» **About this task**: The answer must consist of every line in the data below that holds the word "from".

Data items:
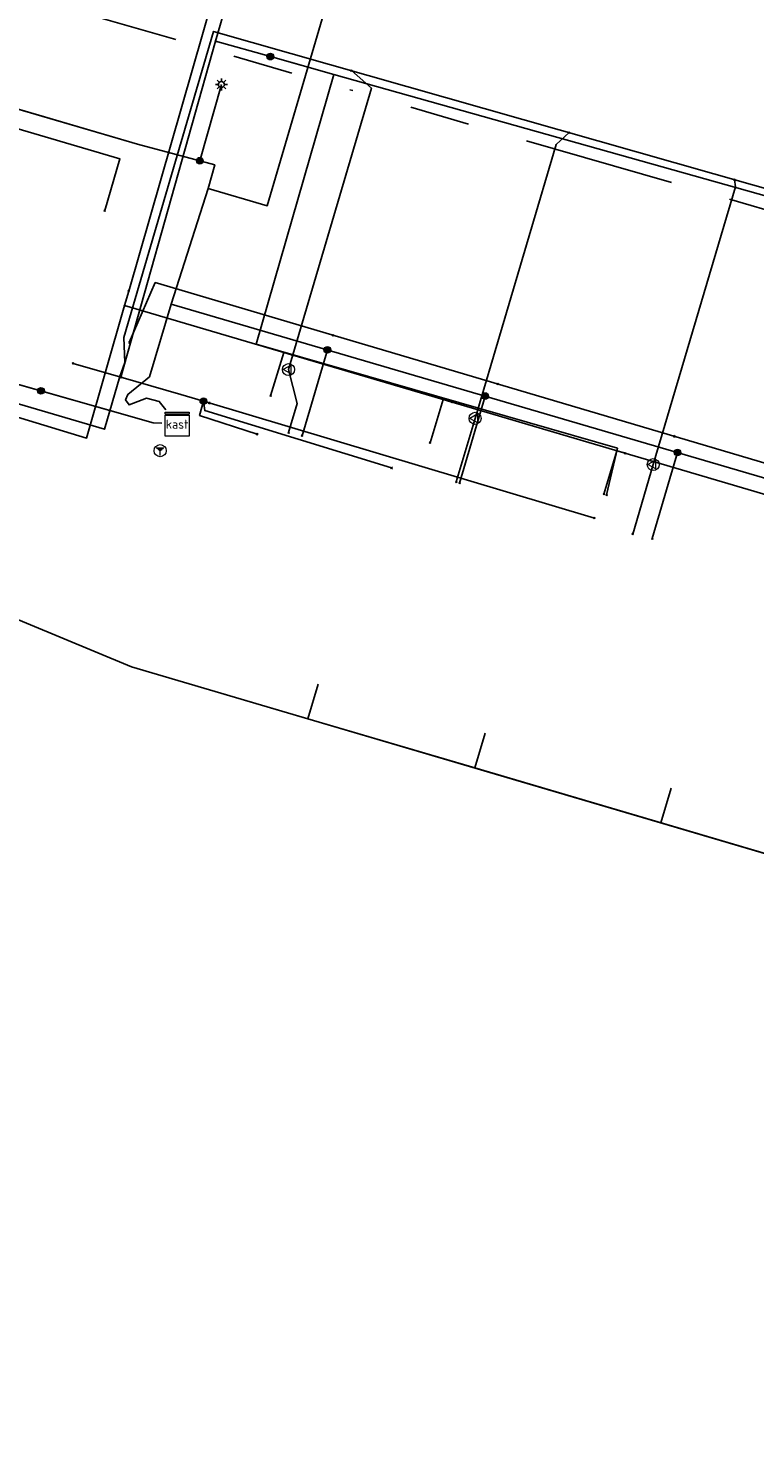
# Model space of a CAD drawing. Header units: metres. Extents: x 253430 to 254090, y 592748 to 593165.
# Tile 89 of 146: x 253857 to 253881, y 592887 to 592934. Entities that reach past the tile are written whole.
import ezdxf
from ezdxf.enums import TextEntityAlignment as Align
from ezdxf.lldxf.tags import DXFTag

# ---------------------------------------------------------------- set-up
doc = ezdxf.new("R2010")
doc.units = ezdxf.units.M
doc.linetypes.add('RI-OVERIG-SO', pattern=[17, 5, -2, 2, -2, 0, -2, 2, -2])
for name, color, linetype in [('B-WE-IE-MEUBILAIR-S', 7, 'Continuous'), ('B-WE-KL-DATA-G', 90, 'KL-DATA-SO'), ('B-WE-KL-DATA_HULPSTUK-S', 90, 'Continuous'), ('B-WE-KL-DATA_KABELBED-G', 90, 'Continuous'), ('B-WE-KL-ET_LS-G', 190, 'KL-LS-SO'), ('B-WE-KL-ET_LS_HULPSTUK-S', 190, 'Continuous'), ('B-WE-KL-ET_LS_KABELBED-G', 190, 'Continuous'), ('B-WE-KL-GAS_LD-G', 50, 'KL-GAS_LD-SO'), ('B-WE-KL-GAS_LD_HULPSTUK-S', 50, 'Continuous'), ('B-WE-KL-WATER-G', 170, 'KL-WATER-SO'), ('B-WE-KL-WATER_HULPSTUK-S', 170, 'Continuous'), ('B-WE-RI-VRIJVERVAL-G', 210, 'RI-OVERIG-SO'), ('V-WE-KL-GAS_LD-G', 50, 'V-KL-GAS_LD-SO')]:
    doc.layers.add(name, color=color, linetype=linetype)
doc.styles.add('NLCS-ISO', font='txt')
doc.styles.get("Standard").update_dxf_attribs({"font": 'simplex.shx'})
tags = doc.linetypes.add('KL-DATA-SO', pattern='A,4,-1,[101,NLCS.SHX,S=0.5,R=0,X=0,Y=0],-1,4,-1,["D",Standard,S=1,R=0,X=-0.25,Y=-0.5],-1.5', length=12.5).pattern_tags.tags
tags[18] = DXFTag(74, 10)
tags = doc.linetypes.add('KL-GAS_LD-SO', pattern='A,4,-1,[69,NLCS.SHX,S=0.5,R=0,X=0,Y=0],-1,4,-1,["L",Standard,S=1,R=0,X=0.25,Y=-0.5],-2', length=13).pattern_tags.tags
tags[18] = DXFTag(74, 10)
tags = doc.linetypes.add('KL-LS-SO', pattern='A,4,-1,[103,NLCS.SHX,S=0.75,R=0,X=0,Y=0],-1,4,-1,["L",Standard,S=1,R=0,X=0,Y=-0.5],-2', length=13).pattern_tags.tags
tags[18] = DXFTag(74, 10)
doc.linetypes.add('KL-WATER-SO', pattern='A,7,-0.5,[168,NLCS.SHX,S=0.75,R=0,X=0.75,Y=0],-2', length=9.5)
tags = doc.linetypes.add('V-KL-GAS_LD-SO', pattern='A,2,[24,NLCS.SHX,S=0.5,R=0,X=0,Y=0],2,-1,[69,NLCS.SHX,S=0.5,R=0,X=0,Y=0],-1,2,[24,NLCS.SHX,S=0.5,R=0,X=0,Y=0],2,-1,["L",Standard,S=1,R=0,X=0.25,Y=-0.5],-2', length=13).pattern_tags.tags
tags[34] = DXFTag(74, 10)

# ---------------------------------------------------------------- blocks, each defined once
blk = doc.blocks.new('SKL-WTB_HULP_OVERIG-SO')
at = {"color": 0, "linetype": 'ByBlock', "lineweight": 18}
for points in [[(-0.14, 0.14), (0.14, -0.14)], [(0.14, 0.14), (-0.14, -0.14)]]:
    blk.add_lwpolyline(points, dxfattribs=at)
at = {"color": 0, "linetype": 'ByBlock', "lineweight": 18, "style": 'NLCS-ISO', "flags": 1}
for tag, p in [('TYPE', (1.5, 0)), ('OMSCHRIJVING', (1.5, -3)), ('LABEL', (1.5, -1.5))]:
    blk.add_attdef(tag, p, '', height=1, dxfattribs=at)
blk = doc.blocks.new('SKL-WTB_HULP_MOF-SO')
at = {"linetype": 'ByBlock', "lineweight": 18}
h = blk.add_hatch(color=0, dxfattribs=at)
h.dxf.hatch_style = 1
h.paths.add_polyline_path([(-0.5625, 0, 1), (0.5625, 0, 1)])
at = {"color": 0, "linetype": 'ByBlock', "lineweight": 18}
blk.add_circle((0, 0), 0.5625, dxfattribs=at)
at = {"color": 0, "linetype": 'ByBlock', "lineweight": 18, "style": 'NLCS-ISO', "flags": 1}
for tag, p in [('TYPE', (1.5, 0)), ('OMSCHRIJVING', (1.5, -3)), ('LABEL', (1.5, -1.5))]:
    blk.add_attdef(tag, p, '', height=1, dxfattribs=at)
blk = doc.blocks.new('SKL-WTB_HULP_VERLOOP-SO')
at = {"color": 0, "linetype": 'ByBlock', "lineweight": 18}
for points in [[(0.44, 0.72), (-0.88, 0)], [(0.44, -0.72), (-0.88, 0)], [(0.44, -0.72), (0.44, 0.72)]]:
    blk.add_lwpolyline(points, dxfattribs=at)
blk.add_circle((0, 0), 1, dxfattribs=at)
at = {"color": 0, "linetype": 'ByBlock', "lineweight": 18, "style": 'NLCS-ISO', "flags": 1}
for tag, p in [('TYPE', (1.5, 0)), ('OMSCHRIJVING', (1.5, -3)), ('LABEL', (1.5, -1.5))]:
    blk.add_attdef(tag, p, '', height=1, dxfattribs=at)
blk = doc.blocks.new('SKL-WTB_HULP_KAST-SO')
at = {"color": 0, "linetype": 'ByBlock', "lineweight": 18}
for points in [[(-2, 2), (2, 2), (2, 1.68), (-2, 1.68)], [(-2, 1.52), (2, 1.52), (2, -2), (-2, -2)]]:
    blk.add_lwpolyline(points, close=True, dxfattribs=at)
at = {"color": 0, "linetype": 'ByBlock', "lineweight": 18, "style": 'NLCS-ISO'}
blk.add_text('kast', height=1.5, dxfattribs=at).set_placement((0, 0), align=Align.MIDDLE_CENTER)
at = {"color": 0, "linetype": 'ByBlock', "lineweight": 18, "style": 'NLCS-ISO', "flags": 1}
for tag, p in [('TYPE', (2.5, 0)), ('OMSCHRIJVING', (2.5, -3)), ('LABEL', (2.5, -1.5))]:
    blk.add_attdef(tag, p, '', height=1, dxfattribs=at)
blk = doc.blocks.new('SKL-WTB_HULP_AARDING-SO')
at = {"color": 0, "linetype": 'ByBlock', "lineweight": 18}
for points in [[(-0.64, 0.48), (0.64, 0.48)], [(-0.48, 0.35), (0.48, 0.35)], [(-0.32, 0.21), (0.32, 0.21)], [(-0.16, 0.08), (0.16, 0.08)], [(0, -0.8), (0, 0.48)]]:
    blk.add_lwpolyline(points, dxfattribs=at)
blk.add_circle((0, 0), 1, dxfattribs=at)
at = {"color": 0, "linetype": 'ByBlock', "lineweight": 18, "style": 'NLCS-ISO', "flags": 1}
for tag, p in [('TYPE', (1.5, 0)), ('OMSCHRIJVING', (1.5, -3)), ('LABEL', (1.5, -1.5))]:
    blk.add_attdef(tag, p, '', height=1, dxfattribs=at)
blk = doc.blocks.new('SIE-MEUBILAIR_PAAL_LICHTMAST-SO')
for points in [[(-0.62, 0), (-1, 0)], [(-0.71, 0.71), (-0.44, 0.44)], [(0, 1), (0, 0.62)], [(0.44, 0.44), (0.71, 0.71)], [(1, 0), (0.62, 0)], [(-0.71, -0.71), (-0.44, -0.44)], [(0, -0.62), (0, -1)], [(0.44, -0.44), (0.71, -0.71)]]:
    blk.add_lwpolyline(points)
blk.add_circle((0, 0), 0.5)

msp = doc.modelspace()

# ---------------------------------------------------------------- linework, layer by layer
at = {"layer": 'B-WE-KL-DATA-G'}
for points in [[(253862.158, 592994.887), (253862.366, 592995.608), (253857.645, 592996.998), (253853.925, 592984.34), (253845.299, 592955.043), (253844.411, 592951.338), (253840.598, 592938.388), (253838.528, 592931.05), (253842.35, 592926.318), (253839.819, 592917.702), (253840.778, 592917.42), (253849.648, 592916.825), (253859.969, 592912.545), (253900.935, 592900.467), (253905.54, 592899.139), (253911.653, 592918.985), (253909.65, 592919.639), (253910.2, 592921.323)], [(253866.159, 592911.971), (253865.82, 592910.82), (253900.935, 592900.467), (253905.54, 592899.139), (253911.653, 592918.985), (253909.65, 592919.639), (253910.2, 592921.323)], [(253910.2, 592921.323), (253909.65, 592919.639), (253911.653, 592918.985), (253905.54, 592899.139), (253900.935, 592900.467), (253871.353, 592909.189), (253871.692, 592910.339)], [(253910.2, 592921.323), (253909.65, 592919.639), (253911.653, 592918.985), (253905.54, 592899.139), (253900.935, 592900.467), (253877.522, 592907.37), (253877.861, 592908.522)]]:
    msp.add_lwpolyline(points, dxfattribs=at)
at = {"layer": 'B-WE-KL-DATA_KABELBED-G'}
for points in [[(253865.019, 592941.299), (253864.807, 592940.272), (253863.106, 592934.496), (253862.761, 592933.278), (253862.761, 592933.277)], [(253836.666, 592928.375), (253843.065, 592926.493), (253845.16, 592933.625), (253845.506, 592933.52), (253859.588, 592929.378), (253859.085, 592927.665)], [(253862.761, 592933.277), (253859.618, 592922.143)], [(253896.941, 592923.673), (253866.68, 592932.178), (253865.83, 592932.417), (253864.575, 592932.769), (253862.761, 592933.278), (253862.761, 592933.278)], [(253864.575, 592932.769), (253866.68, 592932.178), (253864.101, 592923.232), (253876.08, 592919.785), (253875.722, 592918.242)], [(253859.618, 592922.143), (253858.033, 592922.6)], [(253859.618, 592922.143), (253861.605, 592921.568), (253862.355, 592921.347), (253862.362, 592921.345), (253862.546, 592921.291)], [(253862.355, 592921.347), (253862.229, 592920.871), (253864.133, 592920.253)], [(253862.355, 592921.347), (253862.362, 592921.345), (253875.319, 592917.472)], [(253862.355, 592921.347), (253862.402, 592921.037), (253868.591, 592919.133)], [(253865.82, 592910.82), (253859.969, 592912.545), (253849.648, 592916.825)], [(253866.159, 592911.971), (253865.82, 592910.82)], [(253865.82, 592910.82), (253871.353, 592909.189)], [(253871.353, 592909.189), (253871.692, 592910.339)], [(253871.353, 592909.189), (253877.522, 592907.37)], [(253877.861, 592908.522), (253877.522, 592907.37)], [(253877.522, 592907.37), (253883.373, 592905.645)]]:
    msp.add_lwpolyline(points, dxfattribs=at)
at = {"layer": 'B-WE-KL-ET_LS-G'}
for points in [[(253861.104, 592921.063), (253860.891, 592921.332), (253860.466, 592921.452), (253859.89, 592921.222), (253859.777, 592921.395), (253859.849, 592921.57), (253860.569, 592922.154), (253861.289, 592924.566), (253862.509, 592928.401), (253864.472, 592927.823), (253869.658, 592945.485), (253888.001, 592940.263), (253899.902, 592981.805), (253903.285, 592980.835), (253905.818, 592983.016)], [(253861.104, 592921.063), (253860.891, 592921.332), (253860.466, 592921.452), (253859.89, 592921.222), (253859.777, 592921.395), (253859.849, 592921.57), (253860.569, 592922.154), (253861.289, 592924.566), (253862.509, 592928.401), (253864.472, 592927.823), (253869.658, 592945.485), (253888.001, 592940.263), (253898.484, 592976.856), (253911.032, 592973.386), (253912.667, 592976.047)], [(253861.104, 592921.063), (253860.891, 592921.332), (253860.466, 592921.452), (253859.89, 592921.222), (253859.777, 592921.395), (253859.849, 592921.57), (253860.569, 592922.154), (253861.289, 592924.566), (253862.509, 592928.401), (253862.731, 592929.185), (253860.168, 592929.871), (253848.497, 592933.286), (253845.686, 592934.128), (253836.259, 592936.118), (253834.626, 592937.398), (253831.918, 592938.395), (253826.285, 592940.131), (253820.731, 592941.762), (253811.385, 592944.218), (253810.646, 592941.677)], [(253849.632, 592932.954), (253860.168, 592929.871), (253862.731, 592929.185), (253862.509, 592928.401), (253861.289, 592924.566), (253860.569, 592922.154), (253859.849, 592921.57), (253859.777, 592921.395), (253859.89, 592921.222), (253860.466, 592921.452), (253860.891, 592921.332), (253861.104, 592921.063)], [(253862.237, 592929.317), (253862.951, 592931.843)], [(253861.104, 592921.063), (253860.891, 592921.332), (253860.466, 592921.452), (253859.89, 592921.222), (253859.777, 592921.395), (253859.849, 592921.57), (253860.569, 592922.154), (253861.289, 592924.566), (253906.266, 592911.381), (253907.924, 592916.723)], [(253844.487, 592895.614), (253852.489, 592922.959), (253856.97, 592921.689)], [(253866.464, 592923.049), (253865.628, 592920.202)], [(253855.474, 592922.113), (253860.694, 592920.633), (253860.973, 592920.615)], [(253856.97, 592921.689), (253860.694, 592920.633), (253860.973, 592920.615)], [(253871.696, 592921.515), (253870.85, 592918.633)], [(253878.074, 592919.645), (253877.236, 592916.79)]]:
    msp.add_lwpolyline(points, dxfattribs=at)
at = {"layer": 'B-WE-KL-ET_LS_KABELBED-G'}
for points in [[(253862.509, 592928.401), (253864.472, 592927.823), (253869.658, 592945.485), (253888.001, 592940.263), (253898.484, 592976.856)], [(253849.632, 592932.954), (253860.168, 592929.871), (253862.731, 592929.185), (253862.509, 592928.401)], [(253861.289, 592924.566), (253862.509, 592928.401)], [(253861.289, 592924.566), (253860.569, 592922.154), (253859.849, 592921.57), (253859.777, 592921.395), (253859.89, 592921.222), (253860.466, 592921.452), (253860.891, 592921.332), (253861.104, 592921.063)], [(253861.289, 592924.566), (253906.266, 592911.381), (253907.924, 592916.723)], [(253855.474, 592922.113), (253856.97, 592921.689)], [(253856.97, 592921.689), (253860.694, 592920.633), (253860.973, 592920.615)]]:
    msp.add_lwpolyline(points, dxfattribs=at)
at = {"layer": 'B-WE-KL-GAS_LD-G'}
for points in [[(253859.587, 592922.167), (253859.746, 592922.63), (253859.719, 592923.456), (253862.694, 592933.604), (253884.408, 592927.426)], [(253867.264, 592932.304), (253867.925, 592931.719), (253865.176, 592922.393)], [(253874.478, 592930.252), (253874.047, 592929.85), (253871.361, 592920.778)], [(253879.96, 592928.692), (253879.994, 592928.454), (253877.269, 592919.244)], [(253839.629, 592879.951), (253852.033, 592922.488), (253859.073, 592920.419), (253859.587, 592922.167)], [(253865.176, 592922.393), (253865.459, 592921.267), (253865.177, 592920.308)], [(253871.361, 592920.778), (253870.739, 592918.668)], [(253877.269, 592919.244), (253876.59, 592916.944)]]:
    msp.add_lwpolyline(points, dxfattribs=at)
at = {"layer": 'B-WE-KL-WATER-G'}
for points in [[(253865.243, 592946.174), (253865.863, 592945.832), (253859.882, 592924.997)], [(253859.882, 592924.997), (253859.744, 592924.516)], [(253859.744, 592924.516), (253858.481, 592920.124), (253852.696, 592921.876), (253842.442, 592886.974)], [(253859.744, 592924.516), (253899.367, 592912.833)], [(253865.307, 592922.875), (253865.019, 592922.96), (253864.583, 592921.525)], [(253870.592, 592921.317), (253870.304, 592921.402), (253869.868, 592919.967)], [(253876.347, 592919.62), (253876.059, 592919.705), (253875.634, 592918.267)]]:
    msp.add_lwpolyline(points, dxfattribs=at)
at = {"layer": 'B-WE-RI-VRIJVERVAL-G'}
msp.add_lwpolyline([(253856.64, 592934.72), (253892.61, 592924.34)], dxfattribs=at)
at = {"layer": 'V-WE-KL-GAS_LD-G'}
msp.add_lwpolyline([(253882.202, 592918.926), (253860.76, 592925.279), (253859.898, 592923.292)], dxfattribs=at)

# ---------------------------------------------------------------- block references
at = {"layer": 'B-WE-IE-MEUBILAIR-S', "xscale": 0.2, "yscale": 0.2, "zscale": 0.2}
msp.add_blockref('SIE-MEUBILAIR_PAAL_LICHTMAST-SO', (253862.951, 592931.843), dxfattribs=at)
at = {"layer": 'B-WE-KL-DATA_HULPSTUK-S', "xscale": 0.2, "yscale": 0.2, "zscale": 0.2}
for name, p in [('SKL-WTB_HULP_OVERIG-SO', (253862.761, 592933.278)), ('SKL-WTB_HULP_OVERIG-SO', (253862.761, 592933.277)), ('SKL-WTB_HULP_OVERIG-SO', (253862.761, 592933.277)), ('SKL-WTB_HULP_MOF-SO', (253864.574, 592932.769)), ('SKL-WTB_HULP_OVERIG-SO', (253864.575, 592932.769)), ('SKL-WTB_HULP_OVERIG-SO', (253859.085, 592927.665)), ('SKL-WTB_HULP_OVERIG-SO', (253858.033, 592922.6)), ('SKL-WTB_HULP_OVERIG-SO', (253859.618, 592922.143)), ('SKL-WTB_HULP_OVERIG-SO', (253859.618, 592922.143)), ('SKL-WTB_HULP_OVERIG-SO', (253859.618, 592922.143)), ('SKL-WTB_HULP_MOF-SO', (253862.355, 592921.347)), ('SKL-WTB_HULP_OVERIG-SO', (253862.355, 592921.347)), ('SKL-WTB_HULP_OVERIG-SO', (253862.355, 592921.347)), ('SKL-WTB_HULP_OVERIG-SO', (253862.355, 592921.347)), ('SKL-WTB_HULP_OVERIG-SO', (253862.546, 592921.291)), ('SKL-WTB_HULP_OVERIG-SO', (253864.133, 592920.253)), ('SKL-WTB_HULP_OVERIG-SO', (253868.591, 592919.133)), ('SKL-WTB_HULP_OVERIG-SO', (253875.722, 592918.242)), ('SKL-WTB_HULP_OVERIG-SO', (253875.319, 592917.472))]:
    msp.add_blockref(name, p, dxfattribs=at)
at = {"layer": 'B-WE-KL-ET_LS_HULPSTUK-S', "xscale": 0.2, "yscale": 0.2, "zscale": 0.2}
for name, p in [('SKL-WTB_HULP_MOF-SO', (253862.237, 592929.317)), ('SKL-WTB_HULP_MOF-SO', (253866.464, 592923.049)), ('SKL-WTB_HULP_MOF-SO', (253856.97, 592921.689)), ('SKL-WTB_HULP_MOF-SO', (253871.696, 592921.515)), ('SKL-WTB_HULP_KAST-SO', (253861.485, 592920.583)), ('SKL-WTB_HULP_AARDING-SO', (253860.92, 592919.706)), ('SKL-WTB_HULP_OVERIG-SO', (253865.628, 592920.202)), ('SKL-WTB_HULP_MOF-SO', (253878.074, 592919.645)), ('SKL-WTB_HULP_OVERIG-SO', (253870.85, 592918.633)), ('SKL-WTB_HULP_OVERIG-SO', (253877.236, 592916.79))]:
    msp.add_blockref(name, p, dxfattribs=at)
at = {"layer": 'B-WE-KL-GAS_LD_HULPSTUK-S', "xscale": 0.2, "yscale": 0.2, "zscale": 0.2}
for name, p in [('SKL-WTB_HULP_OVERIG-SO', (253867.264, 592932.304)), ('SKL-WTB_HULP_OVERIG-SO', (253874.478, 592930.252)), ('SKL-WTB_HULP_OVERIG-SO', (253879.96, 592928.692)), ('SKL-WTB_HULP_OVERIG-SO', (253859.898, 592923.292)), ('SKL-WTB_HULP_OVERIG-SO', (253866.648, 592923.534)), ('SKL-WTB_HULP_VERLOOP-SO', (253865.176, 592922.393)), ('SKL-WTB_HULP_OVERIG-SO', (253859.587, 592922.167)), ('SKL-WTB_HULP_OVERIG-SO', (253872.114, 592921.915)), ('SKL-WTB_HULP_VERLOOP-SO', (253871.361, 592920.778)), ('SKL-WTB_HULP_OVERIG-SO', (253865.177, 592920.308)), ('SKL-WTB_HULP_OVERIG-SO', (253877.962, 592920.182)), ('SKL-WTB_HULP_VERLOOP-SO', (253877.269, 592919.244)), ('SKL-WTB_HULP_OVERIG-SO', (253870.739, 592918.668)), ('SKL-WTB_HULP_OVERIG-SO', (253876.59, 592916.944))]:
    msp.add_blockref(name, p, dxfattribs=at)
at = {"layer": 'B-WE-KL-WATER_HULPSTUK-S', "xscale": 0.2, "yscale": 0.2, "zscale": 0.2}
for p in [(253859.882, 592924.997), (253859.744, 592924.516), (253865.307, 592922.875), (253864.583, 592921.525), (253870.592, 592921.317), (253869.868, 592919.967), (253876.347, 592919.62), (253875.634, 592918.267)]:
    msp.add_blockref('SKL-WTB_HULP_OVERIG-SO', p, dxfattribs=at)

doc.saveas('drawing.dxf')

» **Task result**:
from ezdxf.enums import TextEntityAlignment as Align
from ezdxf.lldxf.tags import DXFTag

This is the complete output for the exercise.